_Task material_.
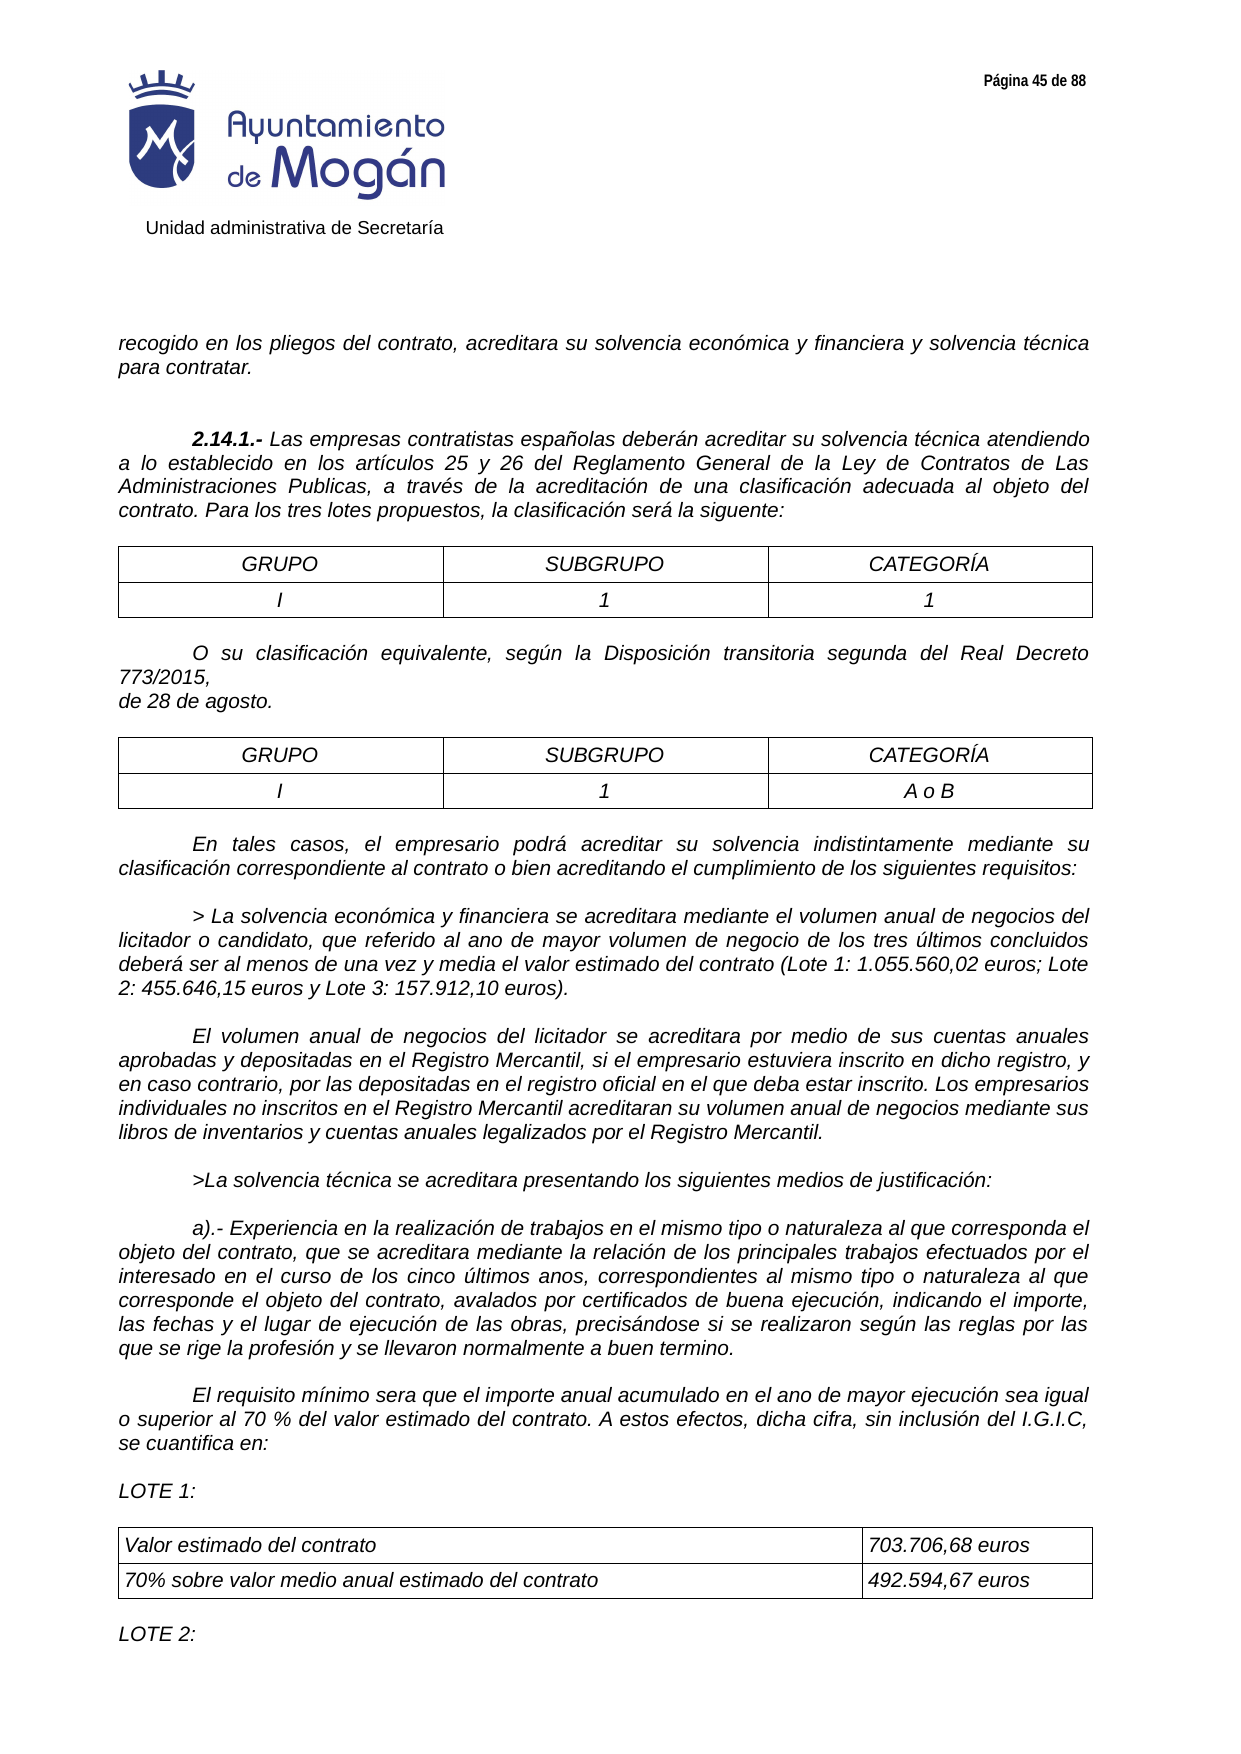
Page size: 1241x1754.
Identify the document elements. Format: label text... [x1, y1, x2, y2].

table_cell 1 [444, 583, 768, 617]
text de 28 de agosto. [118, 689, 1092, 713]
text El requisito mínimo sera que el importe anual acumulado en el ano de mayor ejecución sea igual o superior al 70 % del valor estimado del contrato. A estos efectos, dicha cifra, sin inclusión del I.G.I.C, se cuantifica en: [118, 1383, 1092, 1455]
text >La solvencia técnica se acreditara presentando los siguientes medios de justificación: [118, 1168, 1092, 1192]
text LOTE 2: [118, 1622, 1092, 1646]
table_header CATEGORÍA [769, 547, 1092, 582]
table_cell 70% sobre valor medio anual estimado del contrato [119, 1564, 862, 1598]
text O su clasificación equivalente, según la Disposición transitoria segunda del Real Decreto 773/2015, [118, 641, 1092, 689]
table_header CATEGORÍA [769, 738, 1092, 773]
table_cell 1 [444, 774, 768, 808]
table_cell 1 [769, 583, 1092, 617]
text > La solvencia económica y financiera se acreditara mediante el volumen anual de negocios del licitador o candidato, que referido al ano de mayor volumen de negocio de los tres últimos concluidos deberá ser al menos de una vez y media el valor estimado del contrato (Lote 1: 1.055.560,02 euros; Lote 2: 455.646,15 euros y Lote 3: 157.912,10 euros). [118, 904, 1092, 1000]
table_cell A o B [769, 774, 1092, 808]
table_cell I [119, 583, 443, 617]
text 2.14.1.- Las empresas contratistas españolas deberán acreditar su solvencia técnica atendiendo a lo establecido en los artículos 25 y 26 del Reglamento General de la Ley de Contratos de Las Administraciones Publicas, a través de la acreditación de una clasificación adecuada al objeto del contrato. Para los tres lotes propuestos, la clasificación será la siguente: [118, 426, 1092, 522]
text En tales casos, el empresario podrá acreditar su solvencia indistintamente mediante su clasificación correspondiente al contrato o bien acreditando el cumplimiento de los siguientes requisitos: [118, 832, 1092, 880]
text El volumen anual de negocios del licitador se acreditara por medio de sus cuentas anuales aprobadas y depositadas en el Registro Mercantil, si el empresario estuviera inscrito en dicho registro, y en caso contrario, por las depositadas en el registro oficial en el que deba estar inscrito. Los empresarios individuales no inscritos en el Registro Mercantil acreditaran su volumen anual de negocios mediante sus libros de inventarios y cuentas anuales legalizados por el Registro Mercantil. [118, 1024, 1092, 1144]
text a).- Experiencia en la realización de trabajos en el mismo tipo o naturaleza al que corresponda el objeto del contrato, que se acreditara mediante la relación de los principales trabajos efectuados por el interesado en el curso de los cinco últimos anos, correspondientes al mismo tipo o naturaleza al que corresponde el objeto del contrato, avalados por certificados de buena ejecución, indicando el importe, las fechas y el lugar de ejecución de las obras, precisándose si se realizaron según las reglas por las que se rige la profesión y se llevaron normalmente a buen termino. [118, 1216, 1092, 1359]
table_cell I [119, 774, 443, 808]
table_header GRUPO [119, 547, 443, 582]
text LOTE 1: [118, 1479, 1092, 1503]
table_header Valor estimado del contrato [119, 1528, 862, 1562]
table_header SUBGRUPO [444, 547, 768, 582]
table_cell 492.594,67 euros [863, 1564, 1092, 1598]
table_header SUBGRUPO [444, 738, 768, 773]
text recogido en los pliegos del contrato, acreditara su solvencia económica y financiera y solvencia técnica para contratar. [118, 331, 1092, 378]
table_header GRUPO [119, 738, 443, 773]
picture [128, 70, 445, 206]
table_header 703.706,68 euros [863, 1528, 1092, 1562]

_Required action_. Return exactly the run of lines that opens with the one containing "table_header Valor estimado" and closes with the last line of the records above.

_Result for this exercise_.
table_header Valor estimado del contrato [119, 1528, 862, 1562]
table_header SUBGRUPO [444, 547, 768, 582]
table_cell 492.594,67 euros [863, 1564, 1092, 1598]
table_header SUBGRUPO [444, 738, 768, 773]
text recogido en los pliegos del contrato, acreditara su solvencia económica y financiera y solvencia técnica para contratar. [118, 331, 1092, 378]
table_header GRUPO [119, 738, 443, 773]
picture [128, 70, 445, 206]
table_header 703.706,68 euros [863, 1528, 1092, 1562]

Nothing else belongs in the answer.